Dataset entries Block Start
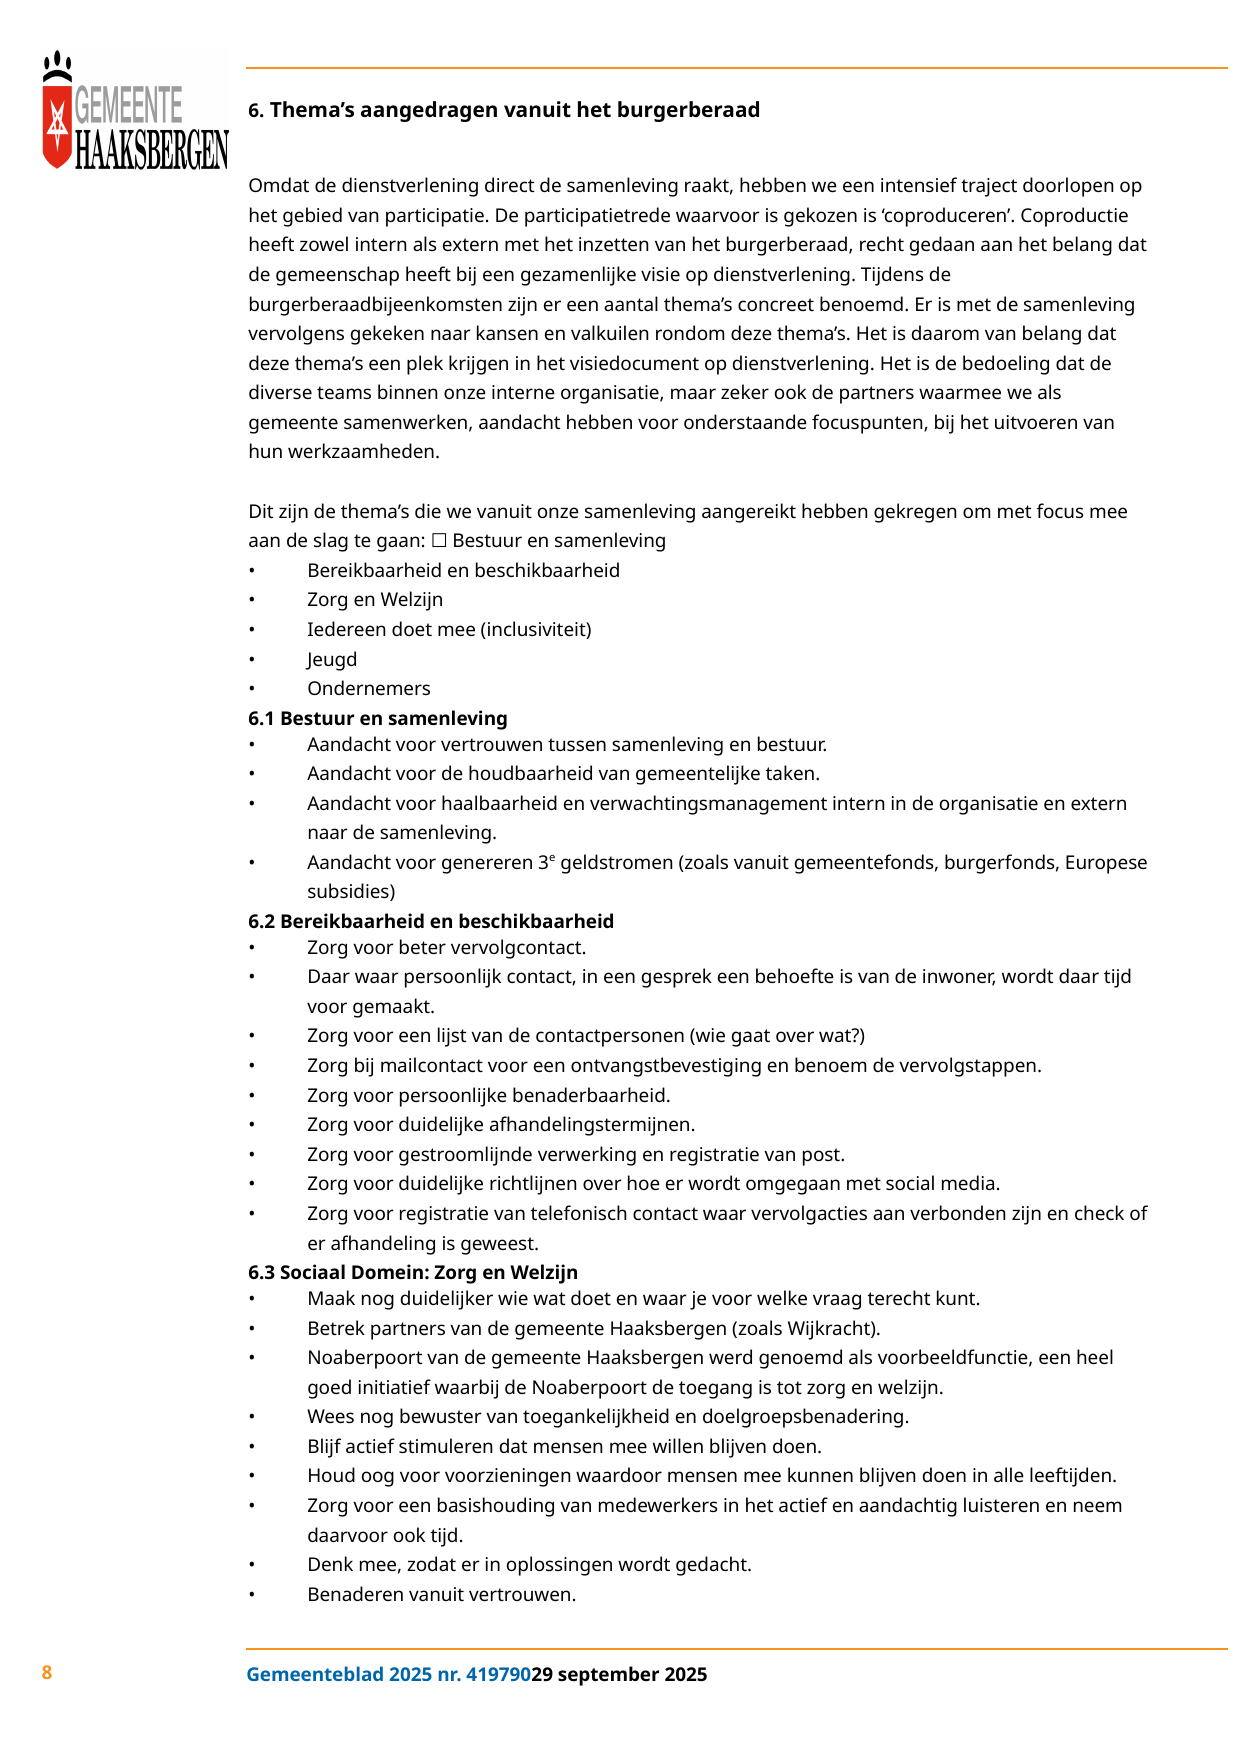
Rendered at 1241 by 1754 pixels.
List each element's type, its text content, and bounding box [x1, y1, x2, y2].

list Iedereen doet mee (inclusiviteit) [248, 616, 1152, 642]
list Zorg en Welzijn [248, 587, 1152, 612]
list Houd oog voor voorzieningen waardoor mensen mee kunnen blijven doen in alle leeftijden. [248, 1463, 1152, 1488]
text Dit zijn de thema’s die we vanuit onze samenleving aangereikt hebben gekregen om met focus mee aan de slag te gaan: ☐ Bestuur en samenleving [248, 498, 1152, 553]
list Zorg voor duidelijke afhandelingstermijnen. [248, 1111, 1152, 1137]
list Zorg voor een basishouding van medewerkers in het actief en aandachtig luisteren en neem daarvoor ook tijd. [248, 1492, 1152, 1547]
text 6.2 Bereikbaarheid en beschikbaarheid [248, 908, 1152, 934]
list Ondernemers [248, 675, 1152, 701]
list Zorg bij mailcontact voor een ontvangstbevestiging en benoem de vervolgstappen. [248, 1052, 1152, 1078]
list Bereikbaarheid en beschikbaarheid [248, 557, 1152, 583]
text 6. Thema’s aangedragen vanuit het burgerberaad [248, 95, 1152, 123]
list Daar waar persoonlijk contact, in een gesprek een behoefte is van de inwoner, wordt daar tijd voor gemaakt. [248, 963, 1152, 1019]
list Zorg voor duidelijke richtlijnen over hoe er wordt omgegaan met social media. [248, 1171, 1152, 1196]
list Zorg voor een lijst van de contactpersonen (wie gaat over wat?) [248, 1023, 1152, 1048]
list Aandacht voor de houdbaarheid van gemeentelijke taken. [248, 760, 1152, 786]
list Zorg voor persoonlijke benaderbaarheid. [248, 1082, 1152, 1108]
list Wees nog bewuster van toegankelijkheid en doelgroepsbenadering. [248, 1403, 1152, 1429]
list Zorg voor registratie van telefonisch contact waar vervolgacties aan verbonden zijn en check of er afhandeling is geweest. [248, 1200, 1152, 1256]
list Aandacht voor genereren 3e geldstromen (zoals vanuit gemeentefonds, burgerfonds, Europese subsidies) [248, 849, 1152, 904]
list Zorg voor beter vervolgcontact. [248, 934, 1152, 960]
list Aandacht voor vertrouwen tussen samenleving en bestuur. [248, 731, 1152, 756]
list Jeugd [248, 646, 1152, 672]
picture [41, 47, 231, 172]
text 6.3 Sociaal Domein: Zorg en Welzijn [248, 1259, 1152, 1285]
text Omdat de dienstverlening direct de samenleving raakt, hebben we een intensief traject doorlopen op het gebied van participatie. De participatietrede waarvoor is gekozen is ‘coproduceren’. Coproductie heeft zowel intern als extern met het inzetten van het burgerberaad, recht gedaan aan het belang dat de gemeenschap heeft bij een gezamenlijke visie op dienstverlening. Tijdens de burgerberaadbijeenkomsten zijn er een aantal thema’s concreet benoemd. Er is met de samenleving vervolgens gekeken naar kansen en valkuilen rondom deze thema’s. Het is daarom van belang dat deze thema’s een plek krijgen in het visiedocument op dienstverlening. Het is de bedoeling dat de diverse teams binnen onze interne organisatie, maar zeker ook de partners waarmee we als gemeente samenwerken, aandacht hebben voor onderstaande focuspunten, bij het uitvoeren van hun werkzaamheden. [248, 172, 1152, 464]
list Noaberpoort van de gemeente Haaksbergen werd genoemd als voorbeeldfunctie, een heel goed initiatief waarbij de Noaberpoort de toegang is tot zorg en welzijn. [248, 1344, 1152, 1399]
list Denk mee, zodat er in oplossingen wordt gedacht. [248, 1551, 1152, 1577]
list Betrek partners van de gemeente Haaksbergen (zoals Wijkracht). [248, 1315, 1152, 1340]
list Benaderen vanuit vertrouwen. [248, 1581, 1152, 1607]
text 6.1 Bestuur en samenleving [248, 705, 1152, 731]
list Aandacht voor haalbaarheid en verwachtingsmanagement intern in de organisatie en extern naar de samenleving. [248, 790, 1152, 845]
list Blijf actief stimuleren dat mensen mee willen blijven doen. [248, 1433, 1152, 1459]
list Zorg voor gestroomlijnde verwerking en registratie van post. [248, 1141, 1152, 1167]
list Maak nog duidelijker wie wat doet en waar je voor welke vraag terecht kunt. [248, 1285, 1152, 1311]
Dataset entries Block End
— About this task —
Your answer should consist of the lines from the line with "list Zorg voor beter" to the line with "text 6.3 Sociaal" above, repeated exactly, both ends included.

— Solution to this exercise —
list Zorg voor beter vervolgcontact. [248, 934, 1152, 960]
list Aandacht voor vertrouwen tussen samenleving en bestuur. [248, 731, 1152, 756]
list Jeugd [248, 646, 1152, 672]
picture [41, 47, 231, 172]
text 6.3 Sociaal Domein: Zorg en Welzijn [248, 1259, 1152, 1285]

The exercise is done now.